Bernadette Hyachinthe leased one of the appellees' apartments and moved in one week later. She noticed immediately that the carpet was old and needed to be replaced and informed the apartment manager who promised to replace it. About a week later, appellant, an elderly gentleman, moved into the apartment with Hyachinthe who had taken care of him for the past two years. He too noticed the poor condition of the carpet and complained to Hyachinthe about it. Hyachinthe testified that she spoke with the apartment manager two or three times about the carpet and pointed out ridges in the bedroom carpeting to him.

Approximately three weeks after moving into the apartment, appellant's toes got stuck in the ridges of the bedroom carpet, causing him to fall and break his hip. It was this injury that precipitated the appellant's common law negligence lawsuit against appellees. In defense, appellees claimed comparative negligence and the fault of others.

At trial, the apartment manager denied that appellant or Hyachinthe had ever called him about the carpet and testified that he never saw any ridges in the carpeting after he leased the premises to Hyachinthe. The person who cleaned the carpet prior to Hyachinthe's occupation of the premises testified that he had not seen any wrinkles in the carpet. He stated that if furniture movers had pulled the furniture across the carpet, this action could have caused the ridges, but he admitted that he had no personal knowledge regarding how the furniture was actually moved into the apartment.

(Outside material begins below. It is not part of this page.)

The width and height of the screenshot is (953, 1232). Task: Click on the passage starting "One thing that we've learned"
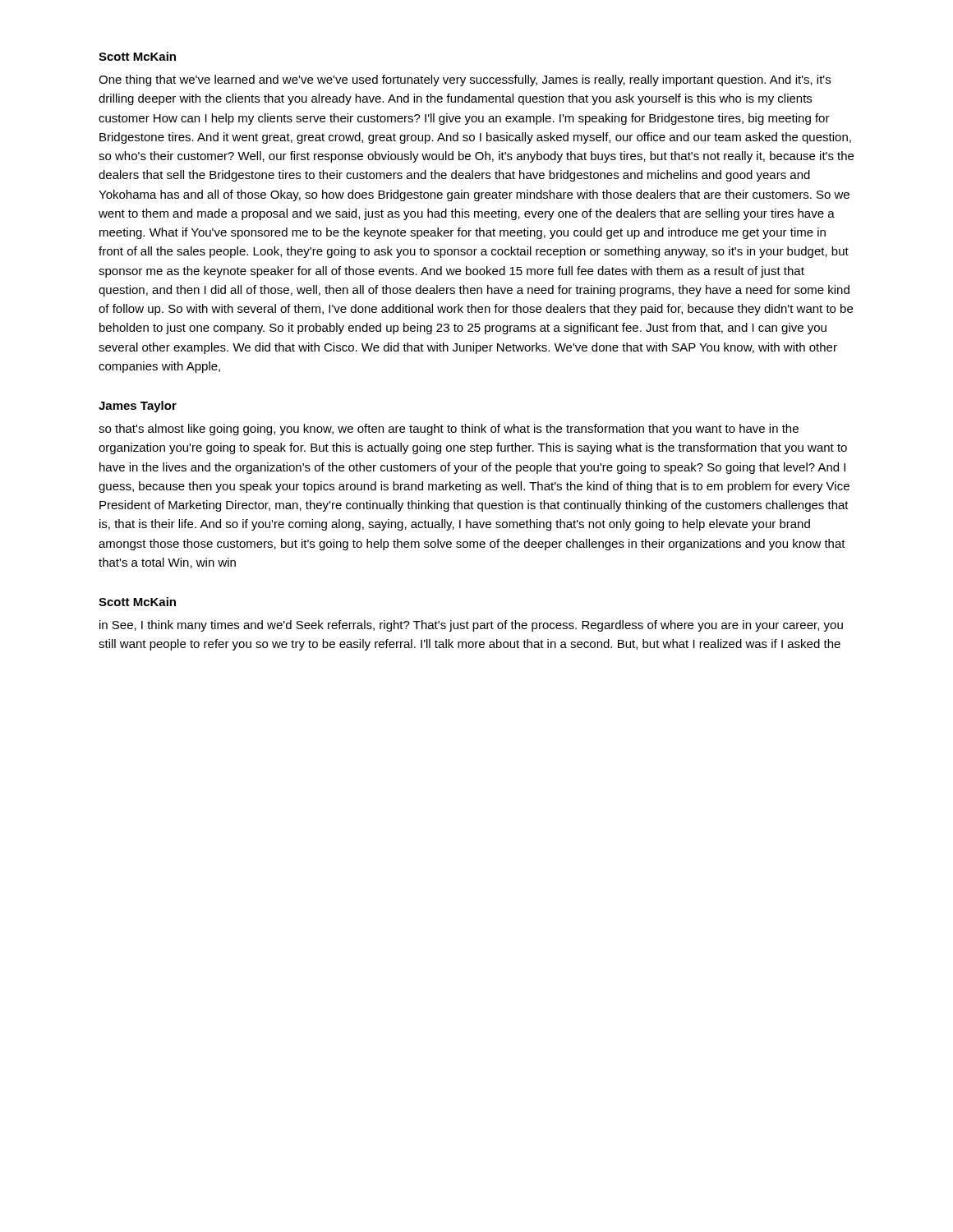(476, 222)
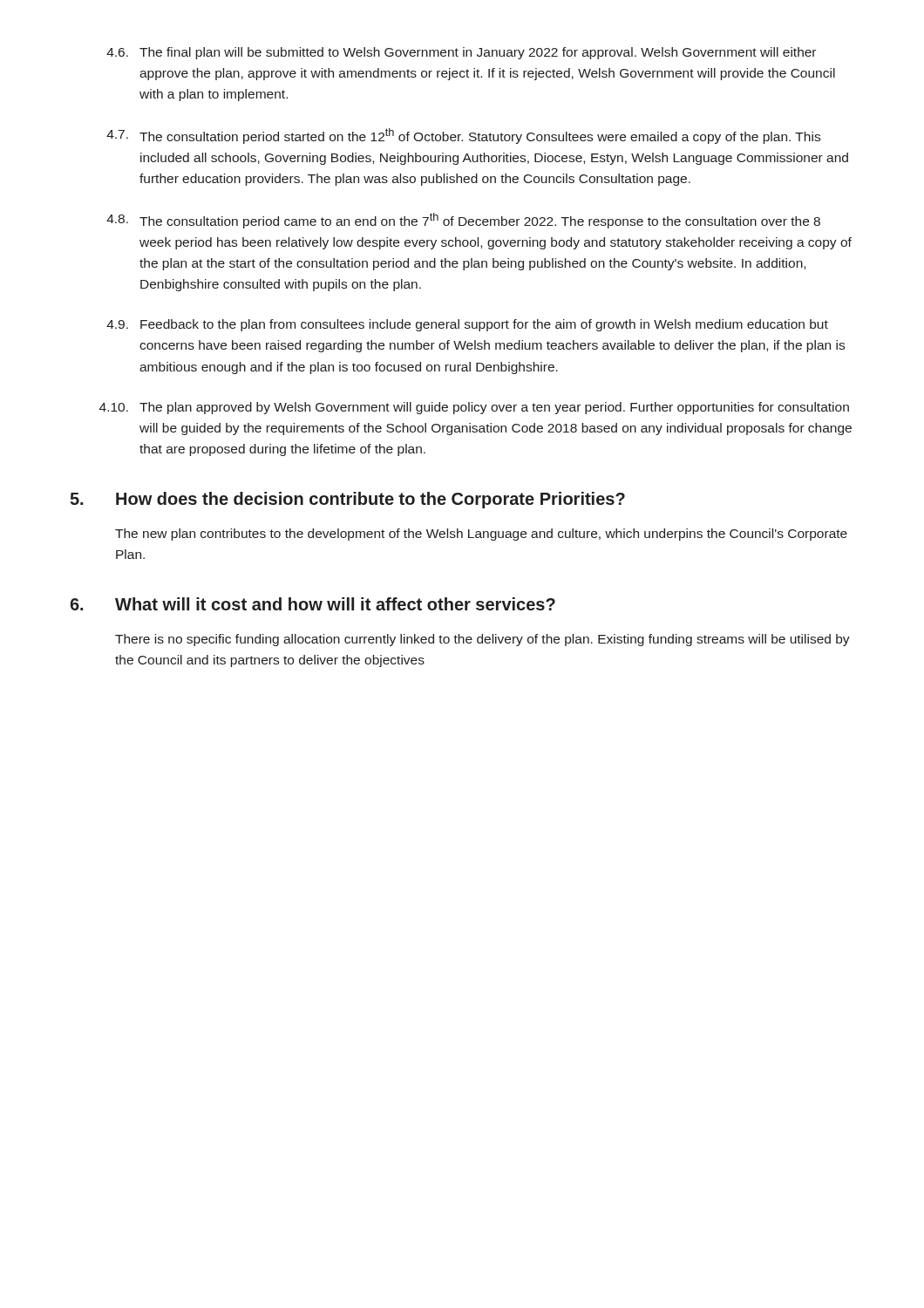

There was no other evidence addressing the cause of the ridges in the carpet.

During the charge conference, appellant's counsel requested the court to charge the jury in accordance with the second portion of Standard Jury Instruction 3.5(i), "Landlord's negligence (toward tenant) when leased premises are residential (not common areas)." 1 That instruction states, in pertinent part:

whether, after (claimant tenant) took possession of the dwelling, (defendant landlord) negligently failed to repair a dangerous or defective condition on the premises of which he had actual notice.

Fla. Std. Jury Instr. (Civil) 3.5(i). Defense counsel requested an instruction informing the jury of section 83.51(4), which states:

The landlord is not responsible to the tenant under this section for conditions created or caused by the negligent or wrongful act or omission of the tenant, a member of his family, or other person on the premises with his consent.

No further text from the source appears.